**Record extracts:**
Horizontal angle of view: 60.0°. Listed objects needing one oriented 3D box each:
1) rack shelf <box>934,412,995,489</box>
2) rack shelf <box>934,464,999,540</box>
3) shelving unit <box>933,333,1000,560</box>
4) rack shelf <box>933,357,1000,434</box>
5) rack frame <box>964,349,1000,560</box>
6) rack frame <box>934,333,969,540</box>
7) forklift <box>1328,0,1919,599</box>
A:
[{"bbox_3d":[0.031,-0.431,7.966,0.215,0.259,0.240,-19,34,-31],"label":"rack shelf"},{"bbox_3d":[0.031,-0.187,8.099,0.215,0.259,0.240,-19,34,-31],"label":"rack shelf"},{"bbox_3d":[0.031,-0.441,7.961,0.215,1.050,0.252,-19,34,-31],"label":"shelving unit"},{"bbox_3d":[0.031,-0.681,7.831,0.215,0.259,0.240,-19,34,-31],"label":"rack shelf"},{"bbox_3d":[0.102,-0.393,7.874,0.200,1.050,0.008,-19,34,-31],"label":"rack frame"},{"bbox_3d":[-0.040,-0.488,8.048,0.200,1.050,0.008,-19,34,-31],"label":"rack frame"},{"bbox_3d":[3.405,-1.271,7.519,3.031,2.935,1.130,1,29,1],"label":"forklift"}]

--

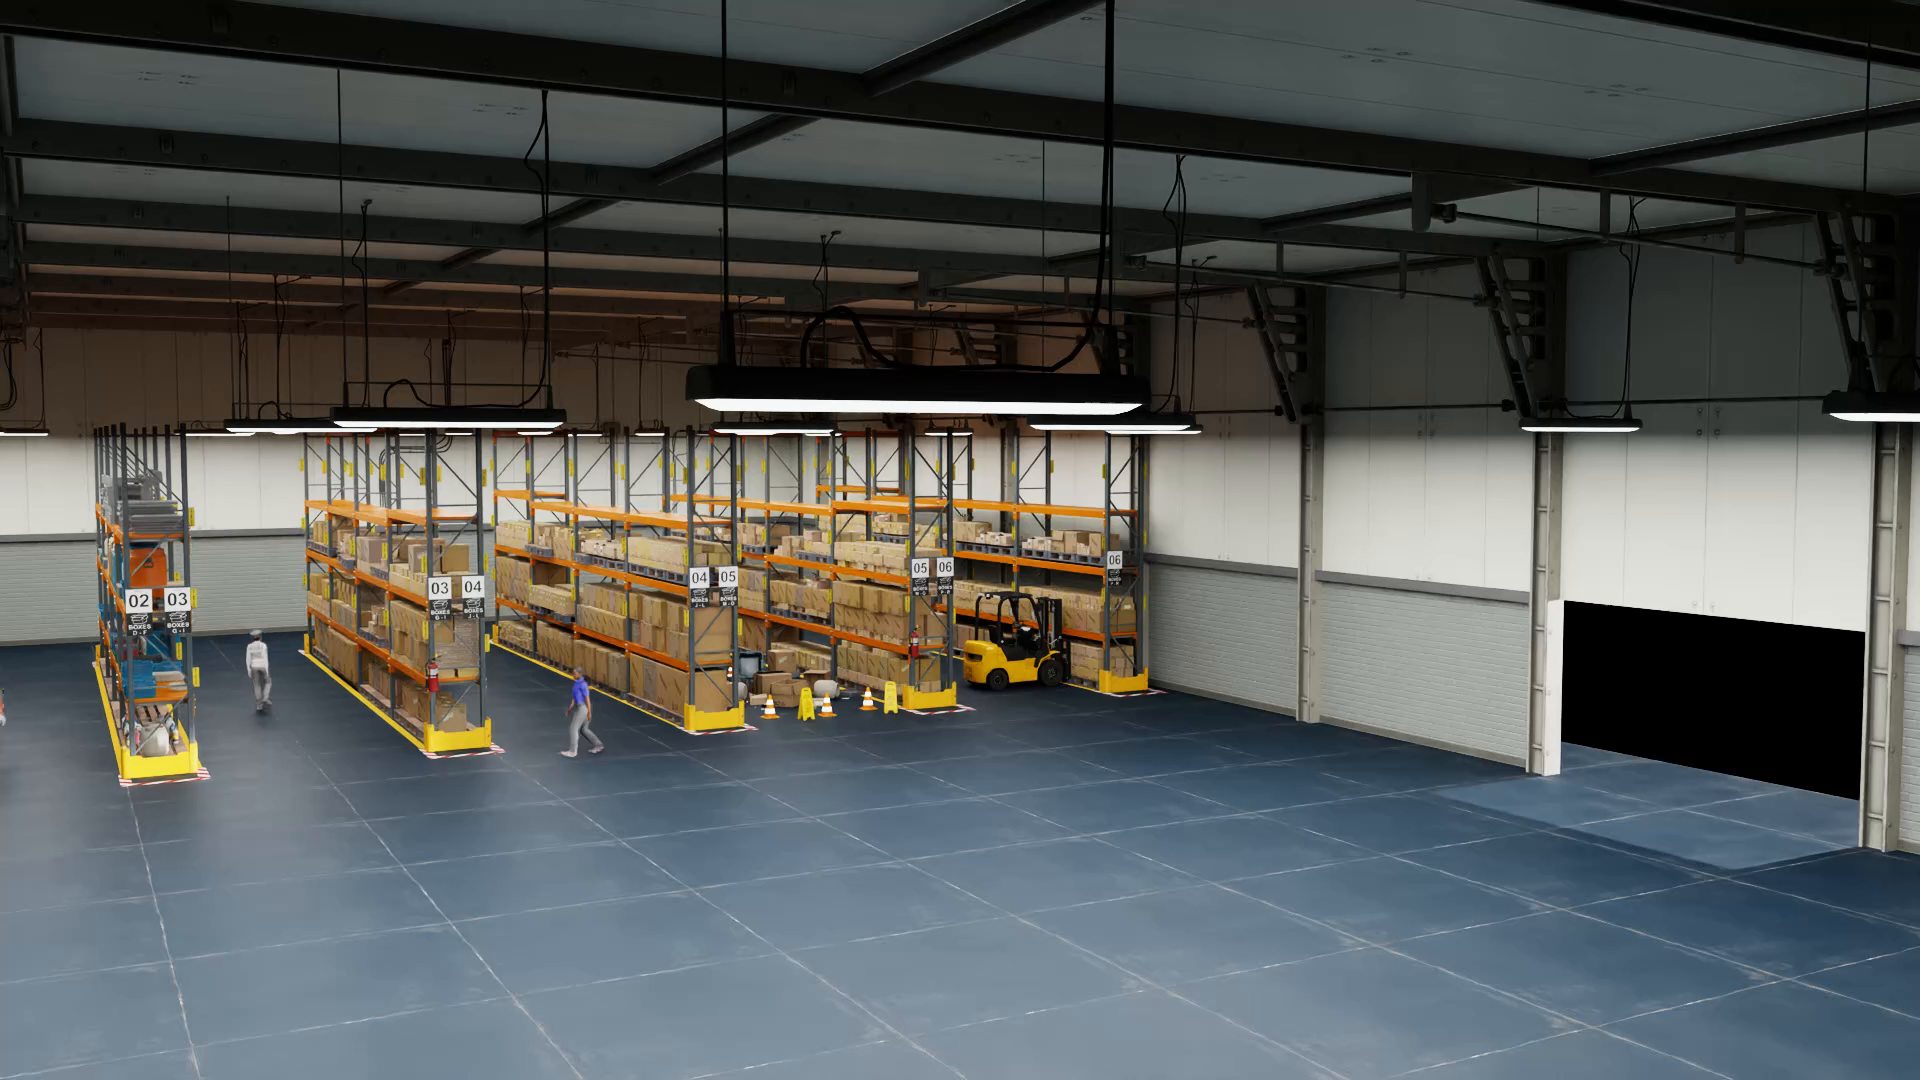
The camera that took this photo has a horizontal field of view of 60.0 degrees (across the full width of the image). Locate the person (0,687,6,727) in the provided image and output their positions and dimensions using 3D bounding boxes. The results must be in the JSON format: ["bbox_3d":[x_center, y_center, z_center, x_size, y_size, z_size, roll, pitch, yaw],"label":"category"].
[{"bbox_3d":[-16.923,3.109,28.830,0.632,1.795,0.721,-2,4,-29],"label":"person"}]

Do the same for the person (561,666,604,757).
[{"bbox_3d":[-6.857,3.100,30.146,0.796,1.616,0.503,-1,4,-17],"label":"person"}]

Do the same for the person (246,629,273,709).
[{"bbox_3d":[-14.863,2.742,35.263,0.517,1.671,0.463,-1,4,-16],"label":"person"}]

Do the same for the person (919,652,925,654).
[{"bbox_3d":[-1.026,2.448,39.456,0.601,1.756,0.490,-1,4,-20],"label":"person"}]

**Brief:** Would you retype the lines above from the one with "4) rack shelf <box>933,357,1000,434</box>" down to the one with "7) forklift <box>1328,0,1919,599</box>", word for word, both ends included and no other lines?

**Written reply:**
4) rack shelf <box>933,357,1000,434</box>
5) rack frame <box>964,349,1000,560</box>
6) rack frame <box>934,333,969,540</box>
7) forklift <box>1328,0,1919,599</box>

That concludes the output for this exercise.